GROTUS' ACORN

God girl grill gridiron

Friday, September 12, 2008

It's so much better down here....

As luck would have it, my fiancee matched at Wake Forest for her residency. And I mean, pure luck as in someone suggested it to her and she thought, sure, why not? And boom! It ended up being her favorite place. And apparently they liked her, too. So naturally, it's imperative that I also match at Wake, as the nearest program is an hour away in Charlotte or an hour away in Durham. Crap. Commuting from Burlington every day = no. So as medical students are wont to do, I decided to do a clerkship at my desired residency, so to get my foot in the door and make with the face-time. You know, a sort of audition-before-the-audition. Like spring camps. I'm walking-on and hoping for a scholarship.

To be perfectly honest, I didn't know much about the pediatrics department before I got here. I knew, sure, it's a great hospital, and hey, they sure treat my girl well. And being that it's Wake Forest, I felt pretty certain that my level of pediatric training would be stellar. But I didn't really know what to expect upon arriving. But imagine my happiness - and this should come as no surprise to many of you - to find out that the South is, quite simply, better than the northern locales I've haunted the last few years.

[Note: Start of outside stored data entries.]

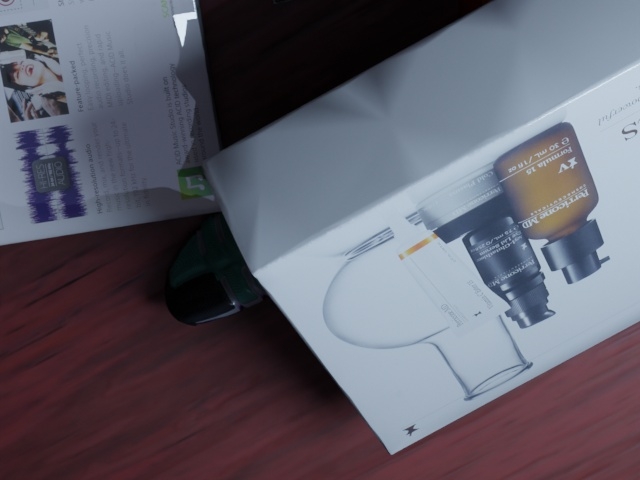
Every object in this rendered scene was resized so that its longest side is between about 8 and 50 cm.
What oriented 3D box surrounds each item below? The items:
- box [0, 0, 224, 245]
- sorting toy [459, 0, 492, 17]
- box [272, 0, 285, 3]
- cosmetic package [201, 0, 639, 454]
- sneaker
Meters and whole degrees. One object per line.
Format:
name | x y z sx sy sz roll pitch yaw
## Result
box | -0.233 -0.110 1.131 0.322 0.058 0.232 -9 108 -3
sorting toy | 0.215 -0.254 1.087 0.127 0.126 0.365 26 104 -12
box | -0.001 -0.231 1.126 0.094 0.027 0.137 -13 108 -2
cosmetic package | 0.151 -0.037 1.085 0.377 0.097 0.284 -29 148 4
sneaker | 0.000 0.000 1.176 0.224 0.083 0.098 -35 138 20

When I was about shoulder-high, we lived in a small rural community outside Atlanta. Those three years were the golden years of my childhood. My neighbor's lawn was a gridiron every fall day, football in the biting-tackle five-mississippi rush two-completions-a-first and one-blitz-or-sneak-every-four style, watch for fire ants and don't land in Josh's Mom's azaleas. Every self-respecting male would line up for a long afternoon of man coverage and touchdowns in the driveway. We knew each other's college teams and no one gave a crap about the falcons and it was glorious. What I wouldn't give to be eight years old again, sweating stripes in my tee shirt and dragging two unlucky kids down to the concrete for seven.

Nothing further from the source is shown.